What do the microorganisms look like? For any home beer brewers, it's the "gunky looking stuff you'd find at the bottom after the fermentation process," Brown says. "That's cellular biomass. Like corn grown in the field, yeast or other microorganisms like bacteria can be harvested as macro-nutrients."
Brown says DARPA's ReSource program has challenged all the project researchers to find ways for microorganisms to consume any plastics found in the waste stream coming out of a military expeditionary force, including all the packaging of food and supplies. Then the researchers aim to remake the plastic waste into products soldiers can use, including food. The project is in the first of three phases.
"We are talking about polyethylene, polypropylene, like PET plastics used in water bottles and converting that into macronutrients that are food," says Brown.
Renewed Focus on Climate Change
The Union of Concerned Scientists say carbon dioxide levels are higher today than any point in at least 800,000 years.
"Climate science is so important for all of humankind. It is critical because the quality of life of humans on the planet depends on it."
Look for technology to help locate large-scale emitters of carbon dioxide, including sensors on satellites and artificial intelligence to optimize energy usage, especially in data centers.
Other technologies focus on alleviating the root cause of climate change: emissions of heat-trapping gasses that mainly come from burning fossil fuels.
Direct air carbon capture, an emerging effort to capture carbon dioxide directly from ambient air, could play a role.
The technology is in the early stages of development and still highly uncertain, says Peter Frumhoff, director of science and policy at Union of Concerned Scientists. "There are a lot of questions about how to do that at sufficiently low costs...and how to scale it up so you can get carbon dioxide stored in the right way," he says, and it can be very energy intensive.
One of the oldest solutions is planting new forests, or restoring old ones, which can help convert carbon dioxide into oxygen through photosynthesis. Hence the Trillion Trees Initiative launched by the World Economic Forum. Trees are only part of the solution, because planting trees isn't enough on its own, Frumhoff says. That's especially true, since 2020 was the year that human-made, artificial stuff now outweighs all life on earth.
More research is also going into artificial photosynthesis for solar fuels. The U.S. Department of Energy awarded $100 million in 2020 to two entities that are conducting research. Look also for improvements in battery storage capacity to help electric vehicles, as well as back-up power sources for solar and wind power, Frumhoff says.

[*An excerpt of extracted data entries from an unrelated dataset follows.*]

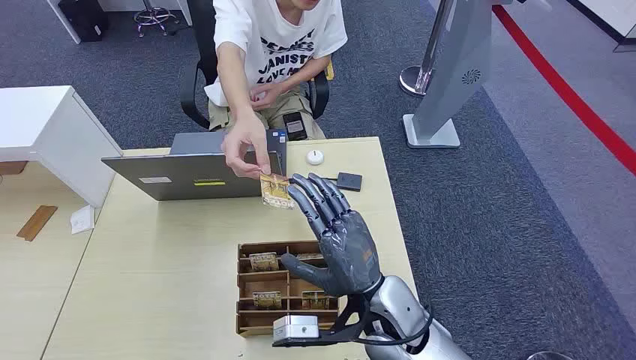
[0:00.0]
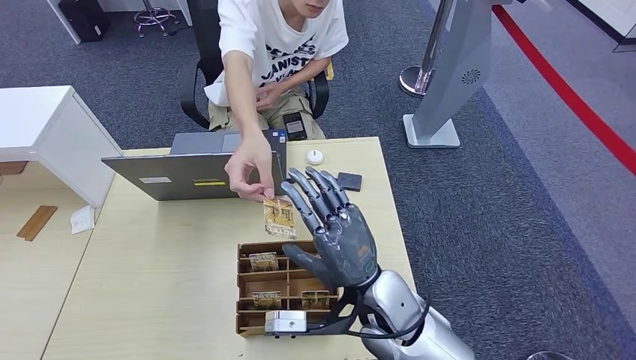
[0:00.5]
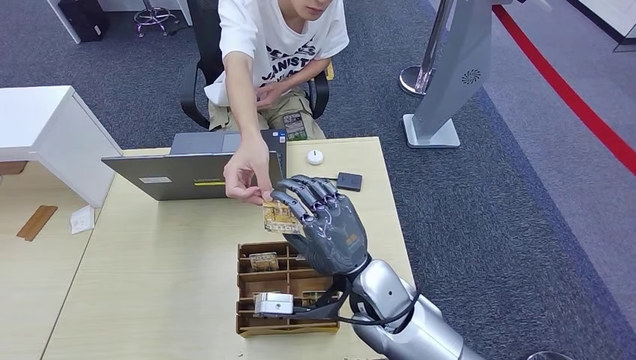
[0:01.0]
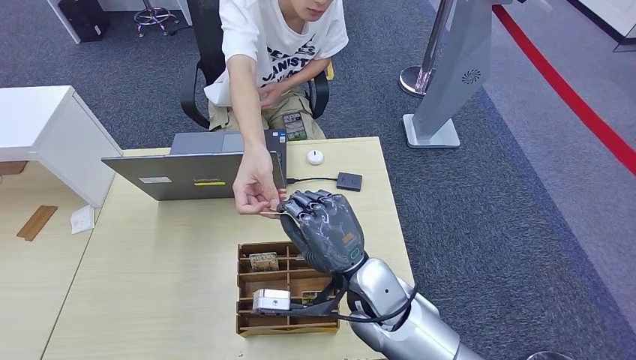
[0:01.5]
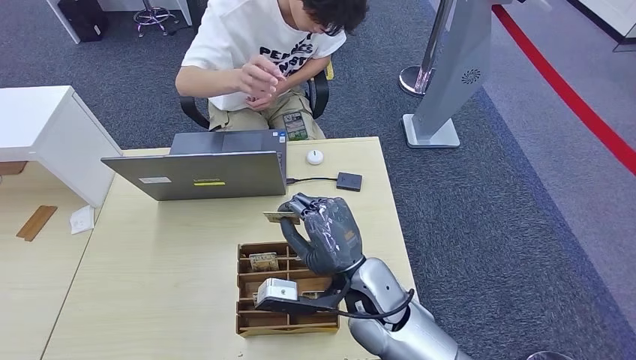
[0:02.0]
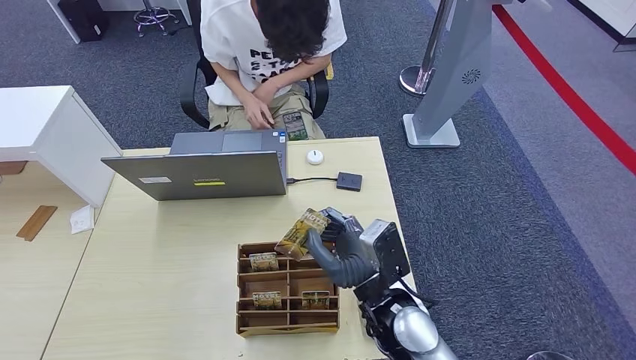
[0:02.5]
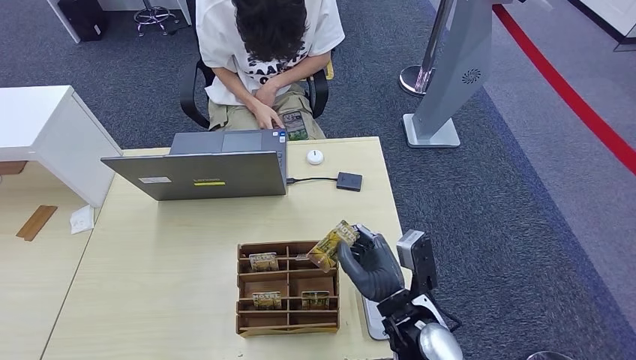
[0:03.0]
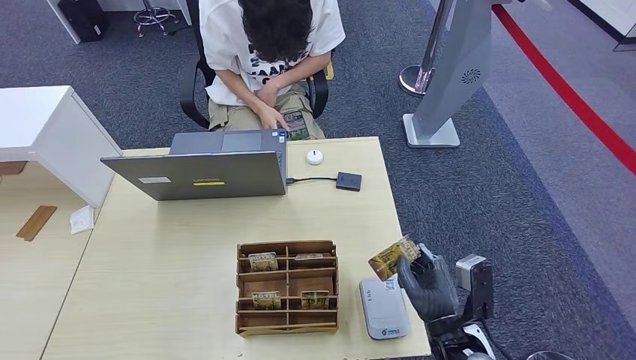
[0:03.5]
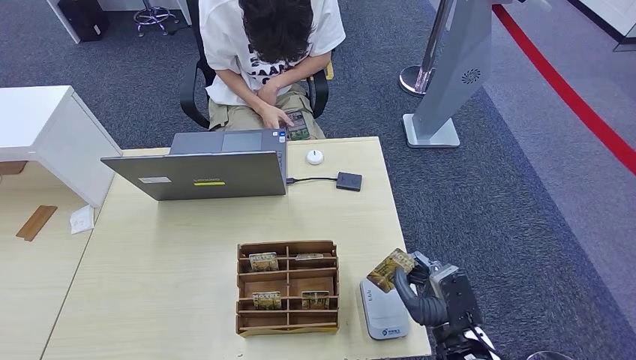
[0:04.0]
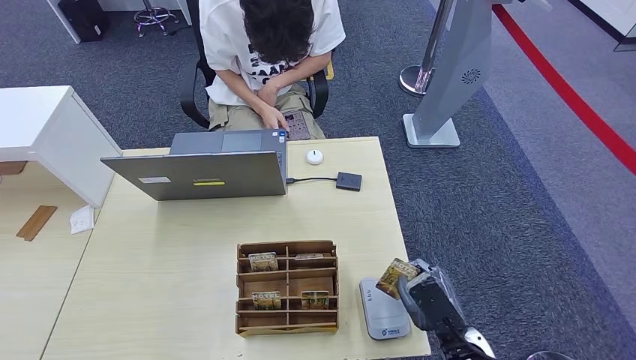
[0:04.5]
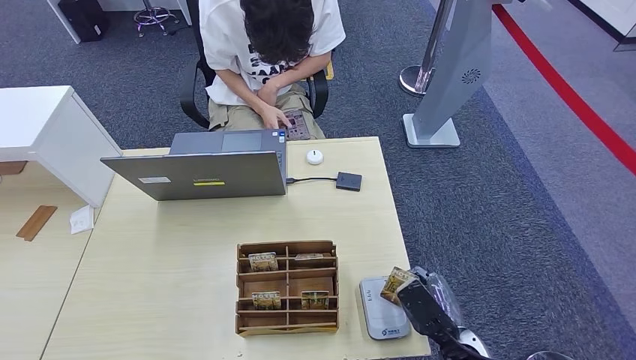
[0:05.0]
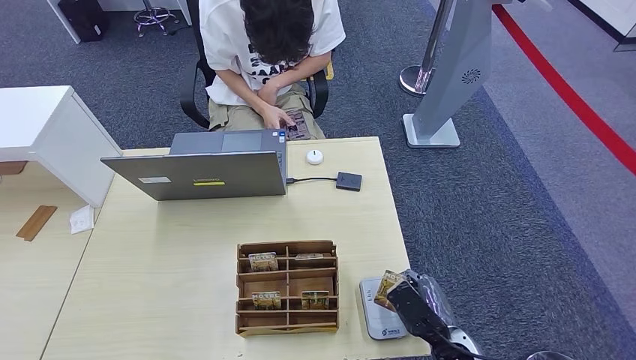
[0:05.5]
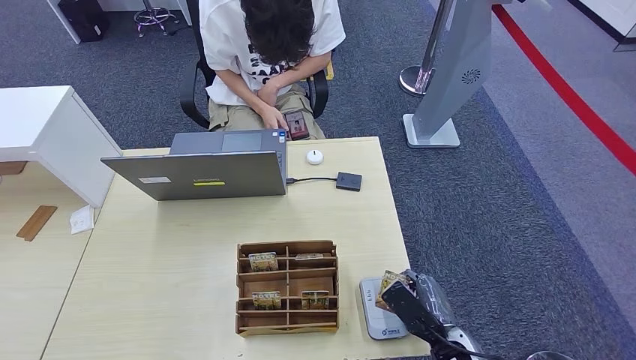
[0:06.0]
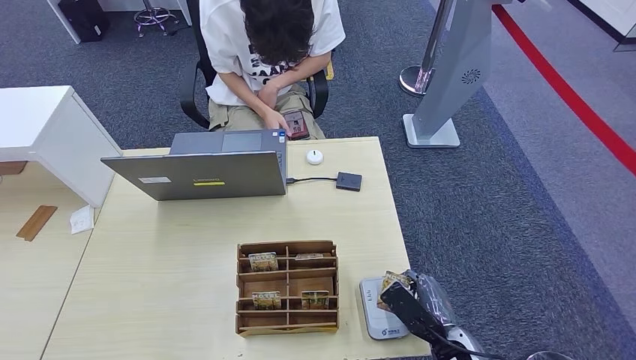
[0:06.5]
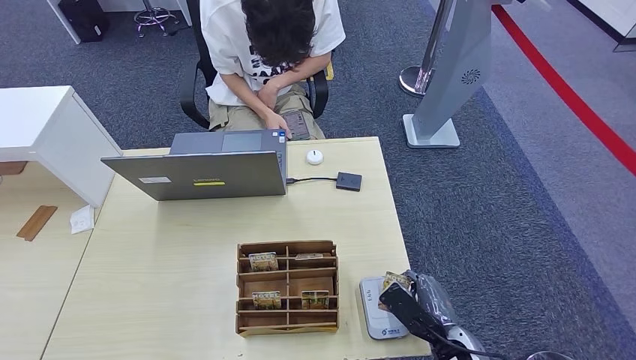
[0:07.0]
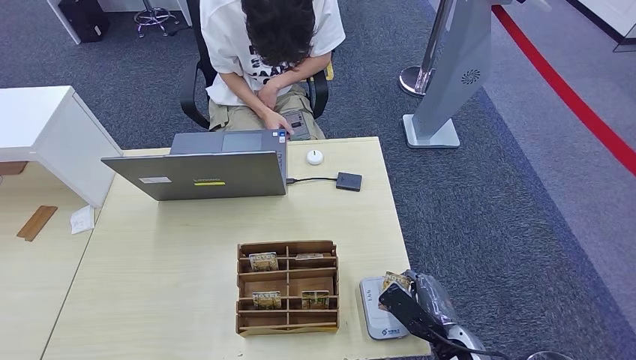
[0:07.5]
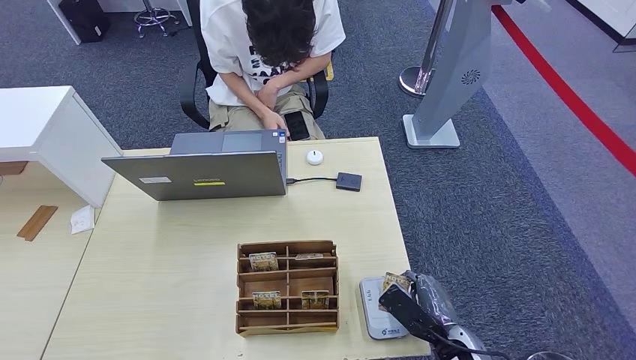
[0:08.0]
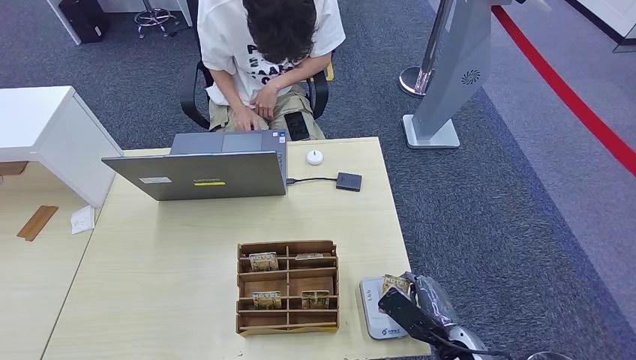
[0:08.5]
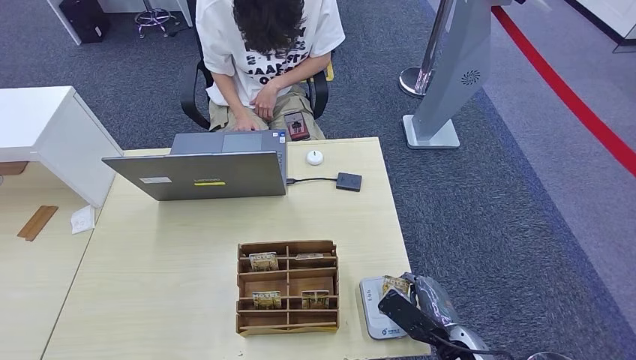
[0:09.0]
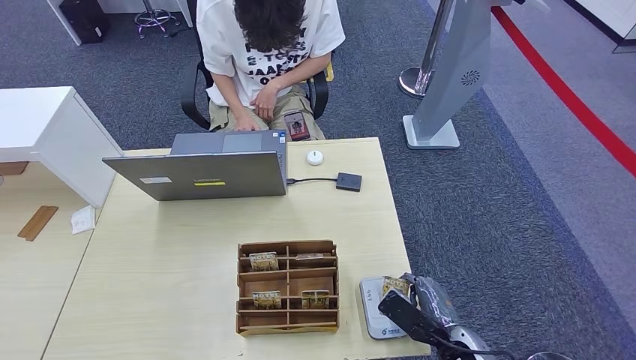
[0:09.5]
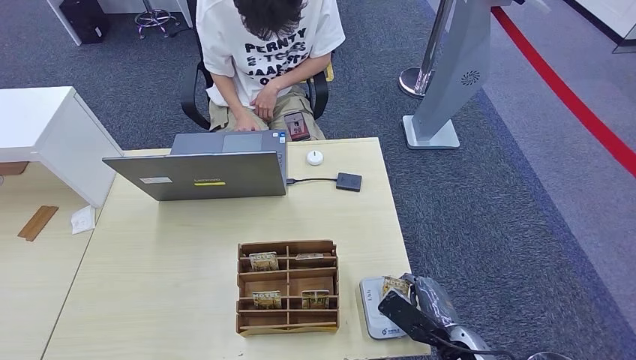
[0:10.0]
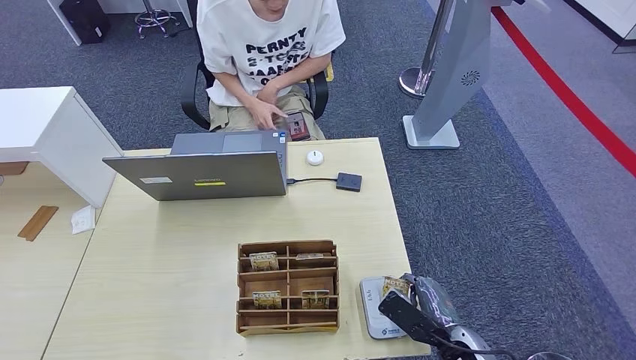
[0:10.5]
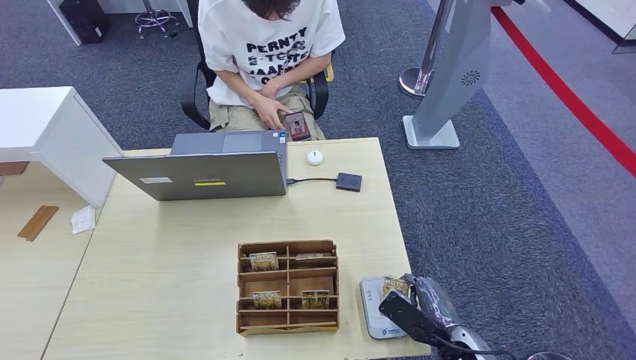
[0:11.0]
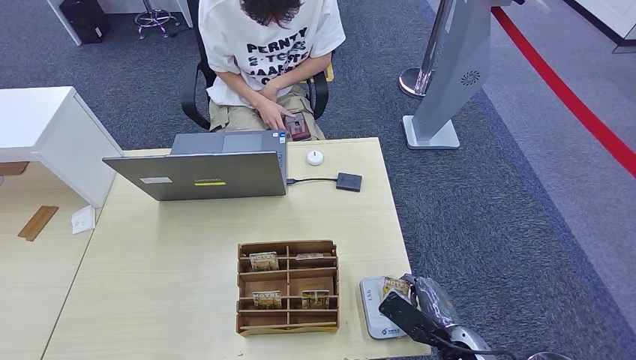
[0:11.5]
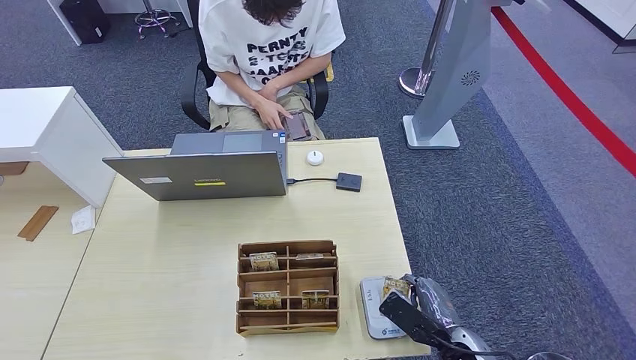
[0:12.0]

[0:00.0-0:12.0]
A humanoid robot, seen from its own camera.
Step, 0:00.0 to 0:01.0: Take the ID card from the person's hand.
Step, 0:01.5 to 0:09.5: Place the ID card on the card reader.
0:02.0 to 0:04.0: The right hand travels to the right, downward and backward by roughly 20 cm.
0:06.0 to 0:08.0: The hands make only small movements.
0:08.0 to 0:10.0: Both hands stay about where they are.
0:10.0 to 0:12.0: Neither hand changes place.

Another method to combat climate change is solar geoengineering, also called solar radiation management, which reflects sunlight back to space. The idea stems from a volcanic eruption in 1991 that released a tremendous amount of sulfate aerosol particles into the stratosphere, reflecting the sunlight away from Earth. The planet cooled by a half degree for nearly a year, Frumhoff says. However, he acknowledges, "there's a lot of things we don't know about the potential impacts and risks" involved in this controversial approach.

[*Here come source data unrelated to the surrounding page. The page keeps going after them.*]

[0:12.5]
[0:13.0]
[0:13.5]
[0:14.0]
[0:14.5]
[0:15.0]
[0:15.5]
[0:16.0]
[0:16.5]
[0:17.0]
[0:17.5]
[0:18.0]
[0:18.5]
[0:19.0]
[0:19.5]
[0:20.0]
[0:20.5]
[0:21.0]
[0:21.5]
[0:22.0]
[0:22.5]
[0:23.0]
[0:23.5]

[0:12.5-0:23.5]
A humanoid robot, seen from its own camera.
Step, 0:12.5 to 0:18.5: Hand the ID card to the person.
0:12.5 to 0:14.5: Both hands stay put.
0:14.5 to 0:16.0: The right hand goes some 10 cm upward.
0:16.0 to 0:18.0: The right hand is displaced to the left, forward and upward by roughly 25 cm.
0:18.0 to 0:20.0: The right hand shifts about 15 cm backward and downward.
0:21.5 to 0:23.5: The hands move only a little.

Whatever the approach, scientific solutions to climate change are attracting renewed attention. Under President Trump, the White House Office of Science and Technology Policy didn't have an acting director for almost two years. Expect that to change when President-elect Joe Biden takes office.
"Climate science is so important for all of humankind," Dulac says. "It is critical because the quality of life of humans on the planet depends on it."